I have a AGCO Challenger MT297 tractor. I bought it at an auction recently. The PTO will not engage. The lever goes in but nothing happens. Does anyone have any ideas or had this problem. There was another thread sometime back where a guy had a problem with his PTO. He was brushhogging and the PTO slowed and came to a stop, like something internal was slipping. Does anyone know if it has a clutch pack at the PTO? I have no books on it. Thanks, Craig


----------



## Country Boy (Mar 18, 2010)

Depending on the style of PTO used, it could be a mechanical clutch, or more likely, a hydraulically operated clutch. Have you asked at an AGCO dealer? Another thing that could be happening is that the splined shaft that runs the PTO off of the pressure plate of the main clutch could be stripped out. My 574's shaft was less than 1/8" from stripping out when I rebuilt the engine. The splines were worn 3/4 of the way through and would have stripped off down the road. That's a less likely scenario. I'd check to be sure the linkage is moving and adjusted properly, and see if you can get a service manual for the tractor.


----------



## craig6 (Jul 19, 2012)

Thanks Country. How many hours did your tractor have at that time? I haven't talked to any service guys yet or found a manual. Plan on tearing into it asap. I was hoping someone might have had this problem or new about it. Linkage seems to be working ok.


----------



## Country Boy (Mar 18, 2010)

My tractor had about 8,000 hours on it at the time. I think the problem was mainly caused by running the chopper and baler because both introduce shock loads in the drive line that could cause the splines to chatter. The PTO shaft on our 350 Utility sheared off internally once, causing the PTO to not work. I'm really not familiar with the tractor you have, so I can't give you any solid place to start looking. I did find a parts breakdown for AGCO equipment here: http://www.agcopartsbooks.com/PartsBooksN/login.aspx?region=NorthAmerica Click "View Books" by "Guest User" and you can put in your model number for the breakdown. Looks like the PTO clutch is in or near the bellhousing behind the main clutch. I hope you get it going soon!

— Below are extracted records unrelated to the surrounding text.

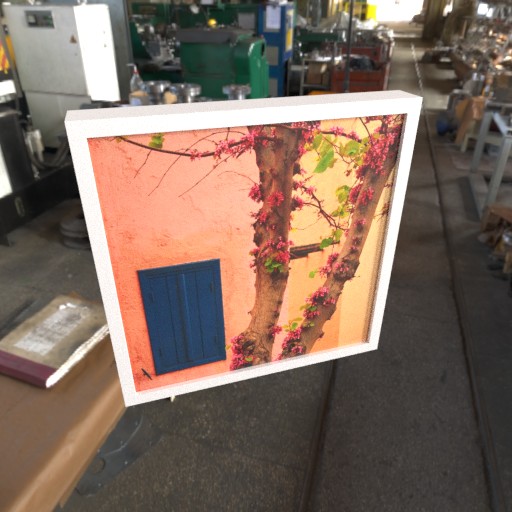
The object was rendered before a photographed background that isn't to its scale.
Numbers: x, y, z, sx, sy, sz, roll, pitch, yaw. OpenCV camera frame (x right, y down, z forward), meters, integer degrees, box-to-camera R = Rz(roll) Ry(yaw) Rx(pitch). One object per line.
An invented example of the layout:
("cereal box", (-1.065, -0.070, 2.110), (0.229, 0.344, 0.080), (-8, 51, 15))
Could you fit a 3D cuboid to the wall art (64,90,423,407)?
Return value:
("wall art", (0.000, 0.000, 0.454), (0.305, 0.302, 0.038), (-9, 31, -15))
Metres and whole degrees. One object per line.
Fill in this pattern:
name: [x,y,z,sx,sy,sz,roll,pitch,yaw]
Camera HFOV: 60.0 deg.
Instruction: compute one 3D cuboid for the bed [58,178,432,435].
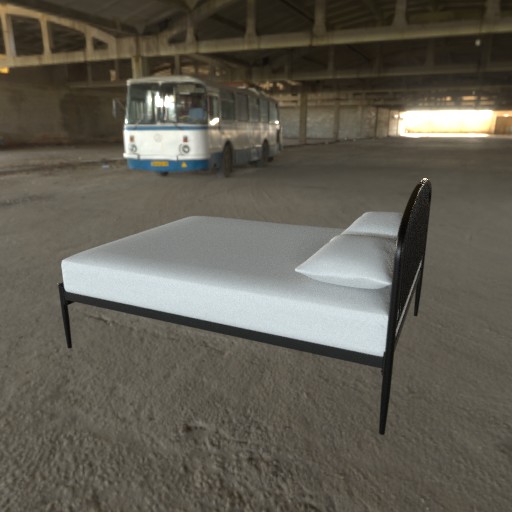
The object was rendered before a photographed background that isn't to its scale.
bed: [0.000,0.000,3.164,2.159,1.166,1.618,8,18,24]
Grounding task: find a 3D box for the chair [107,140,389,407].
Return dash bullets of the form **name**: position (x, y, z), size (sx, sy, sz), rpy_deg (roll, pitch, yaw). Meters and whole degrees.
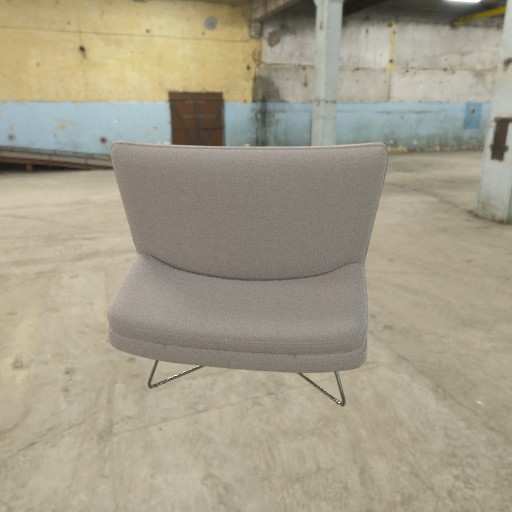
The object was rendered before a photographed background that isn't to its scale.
- **chair**: position (0.000, 0.000, 1.669), size (0.859, 0.855, 1.008), rpy_deg (3, 17, 8)
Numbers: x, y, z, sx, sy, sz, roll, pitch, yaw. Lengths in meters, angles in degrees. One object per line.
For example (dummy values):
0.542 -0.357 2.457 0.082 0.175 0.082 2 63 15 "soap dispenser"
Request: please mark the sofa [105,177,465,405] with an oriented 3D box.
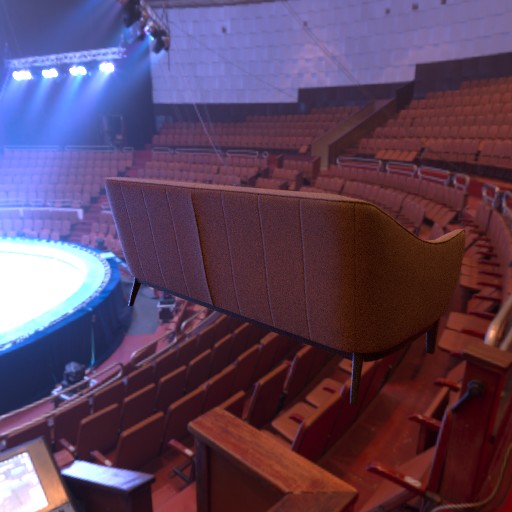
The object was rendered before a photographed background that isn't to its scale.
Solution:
0.000 0.000 2.433 1.928 0.830 0.869 13 18 42 "sofa"
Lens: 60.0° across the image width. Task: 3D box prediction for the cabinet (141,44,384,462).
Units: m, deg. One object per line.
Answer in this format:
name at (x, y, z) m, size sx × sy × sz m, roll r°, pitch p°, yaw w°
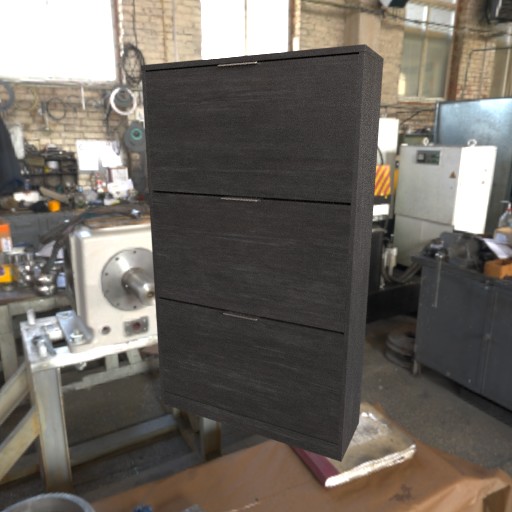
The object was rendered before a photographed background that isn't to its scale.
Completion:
cabinet at (0.000, 0.000, 1.575) m, size 0.750 × 1.280 × 0.250 m, roll 7°, pitch 16°, yaw 26°
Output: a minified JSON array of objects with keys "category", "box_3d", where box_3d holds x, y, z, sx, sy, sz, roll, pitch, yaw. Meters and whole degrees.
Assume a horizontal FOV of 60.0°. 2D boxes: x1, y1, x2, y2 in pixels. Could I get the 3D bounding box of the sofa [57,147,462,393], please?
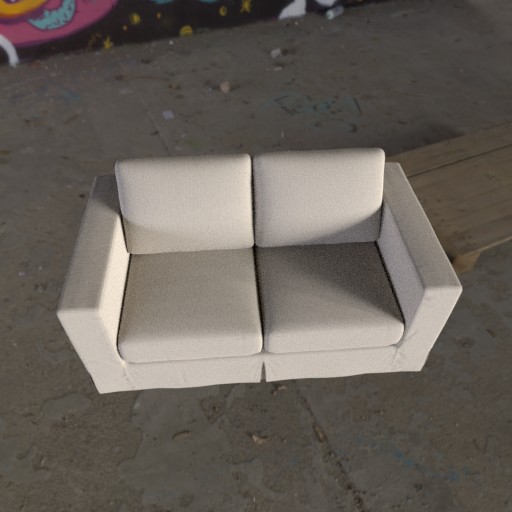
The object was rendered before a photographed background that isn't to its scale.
[{"category":"sofa","box_3d":[0.000,0.000,2.414,1.813,0.932,1.009,-3,47,-3]}]
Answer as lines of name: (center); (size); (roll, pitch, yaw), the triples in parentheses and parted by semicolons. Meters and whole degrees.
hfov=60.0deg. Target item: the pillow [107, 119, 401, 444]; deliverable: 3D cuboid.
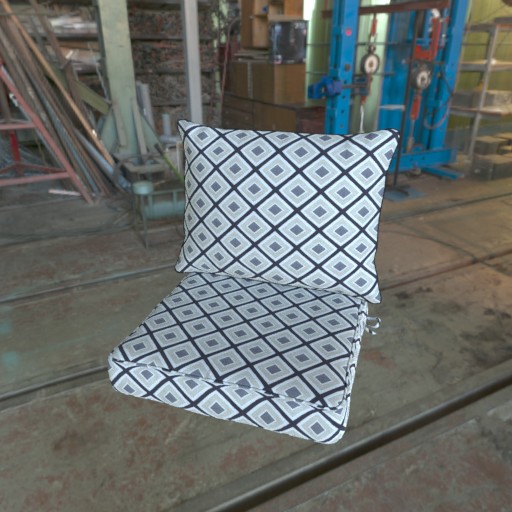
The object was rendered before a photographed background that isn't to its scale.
pillow: (0.000, 0.000, 1.382); (0.798, 0.722, 0.733); (8, 27, 16)
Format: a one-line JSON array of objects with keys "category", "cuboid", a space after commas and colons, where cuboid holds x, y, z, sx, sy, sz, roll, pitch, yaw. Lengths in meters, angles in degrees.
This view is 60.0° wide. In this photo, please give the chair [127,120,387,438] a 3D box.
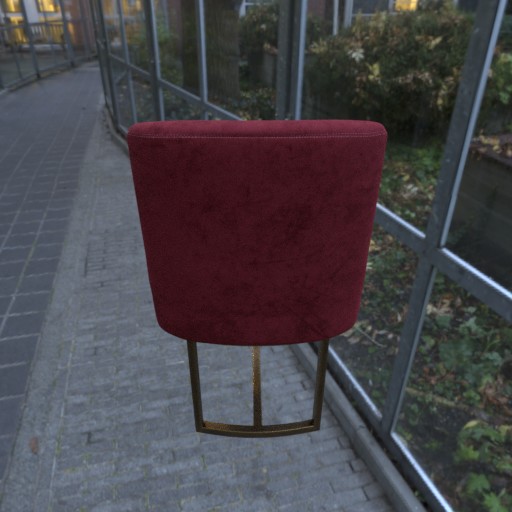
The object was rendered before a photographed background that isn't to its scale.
[{"category": "chair", "cuboid": [0.000, 0.000, 1.195, 0.530, 0.824, 0.560, 0, 30, -1]}]
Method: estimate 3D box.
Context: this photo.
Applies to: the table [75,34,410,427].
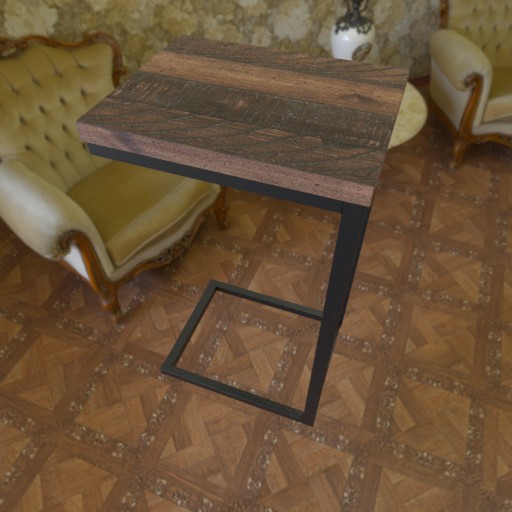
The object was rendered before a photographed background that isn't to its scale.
[{"bbox_3d":[0.000,0.000,0.926,0.414,0.718,0.323,15,49,14],"label":"table"}]
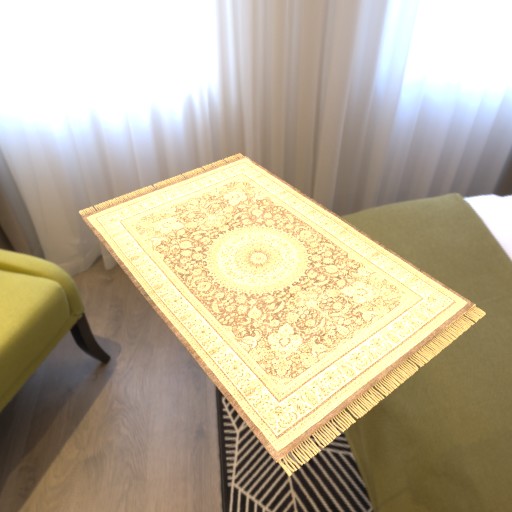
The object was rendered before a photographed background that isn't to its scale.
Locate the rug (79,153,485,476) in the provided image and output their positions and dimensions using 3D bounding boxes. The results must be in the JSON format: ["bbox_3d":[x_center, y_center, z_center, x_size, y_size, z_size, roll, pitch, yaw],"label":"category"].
[{"bbox_3d":[0.000,0.000,4.146,2.143,0.015,3.422,-27,48,-27],"label":"rug"}]
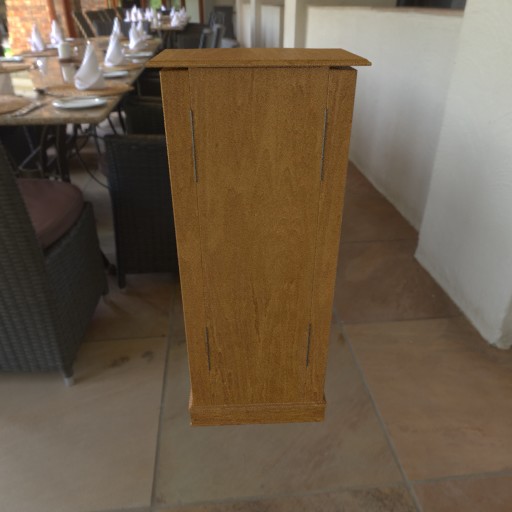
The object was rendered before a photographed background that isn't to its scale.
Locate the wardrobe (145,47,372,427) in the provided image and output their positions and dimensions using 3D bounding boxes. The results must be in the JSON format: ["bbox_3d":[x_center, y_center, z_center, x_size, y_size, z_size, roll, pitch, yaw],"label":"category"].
[{"bbox_3d":[0.000,0.000,1.146,0.406,0.959,0.273,-1,30,-2],"label":"wardrobe"}]
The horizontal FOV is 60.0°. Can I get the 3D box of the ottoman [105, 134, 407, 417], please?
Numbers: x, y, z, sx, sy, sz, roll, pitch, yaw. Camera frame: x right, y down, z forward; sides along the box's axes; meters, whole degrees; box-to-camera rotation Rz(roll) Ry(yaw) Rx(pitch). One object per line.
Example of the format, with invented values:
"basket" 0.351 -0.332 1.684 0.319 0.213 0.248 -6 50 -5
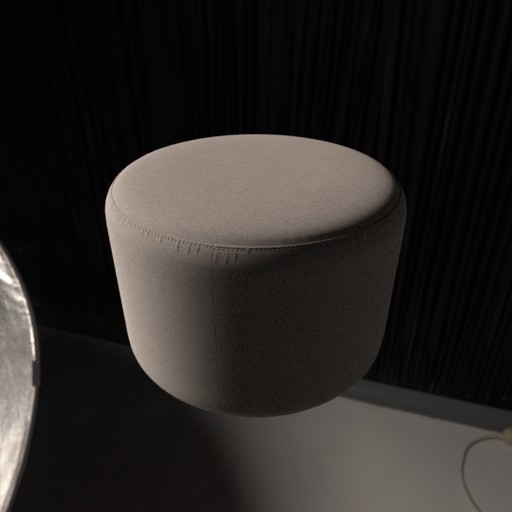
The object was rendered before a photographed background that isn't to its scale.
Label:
"ottoman" 0.000 0.000 1.006 0.608 0.433 0.608 0 31 0
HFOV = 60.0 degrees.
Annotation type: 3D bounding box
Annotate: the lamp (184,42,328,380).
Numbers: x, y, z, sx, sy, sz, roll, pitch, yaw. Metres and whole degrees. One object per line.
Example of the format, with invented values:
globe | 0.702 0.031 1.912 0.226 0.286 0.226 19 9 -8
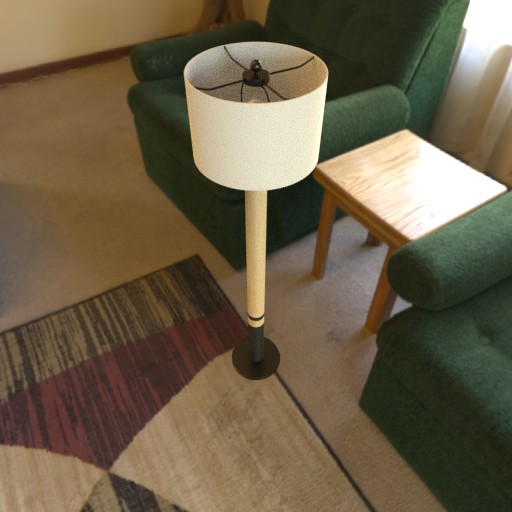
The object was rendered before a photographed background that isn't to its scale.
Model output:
lamp | 0.000 0.000 1.692 0.381 1.478 0.381 32 54 27
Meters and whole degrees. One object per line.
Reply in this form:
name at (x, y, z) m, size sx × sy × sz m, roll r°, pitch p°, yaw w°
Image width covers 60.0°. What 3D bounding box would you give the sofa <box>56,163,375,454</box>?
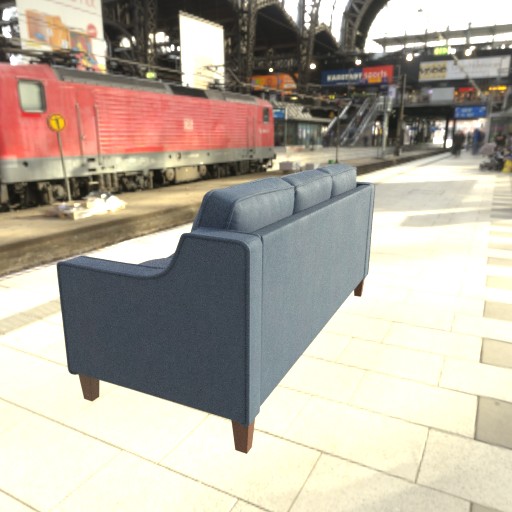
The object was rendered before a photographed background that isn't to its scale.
sofa at (0.000, 0.000, 2.535) m, size 0.911 × 0.974 × 1.986 m, roll 7°, pitch 17°, yaw 25°

One thing I noticed is that there is a section called "PTO Change" which shows a lever and a shifter fork for the PTO. Does that tractor have a dual speed PTO that you shift between? Could that be between speeds and not engaged? Could the shifter fork be broken and not engaging the gears or clutch? Something to look into I guess.


----------



## craig6 (Jul 19, 2012)

Thanks Country. I'll look into those things. This tractor has only 990 hours. So hopefully it's one of the simpler things.


----------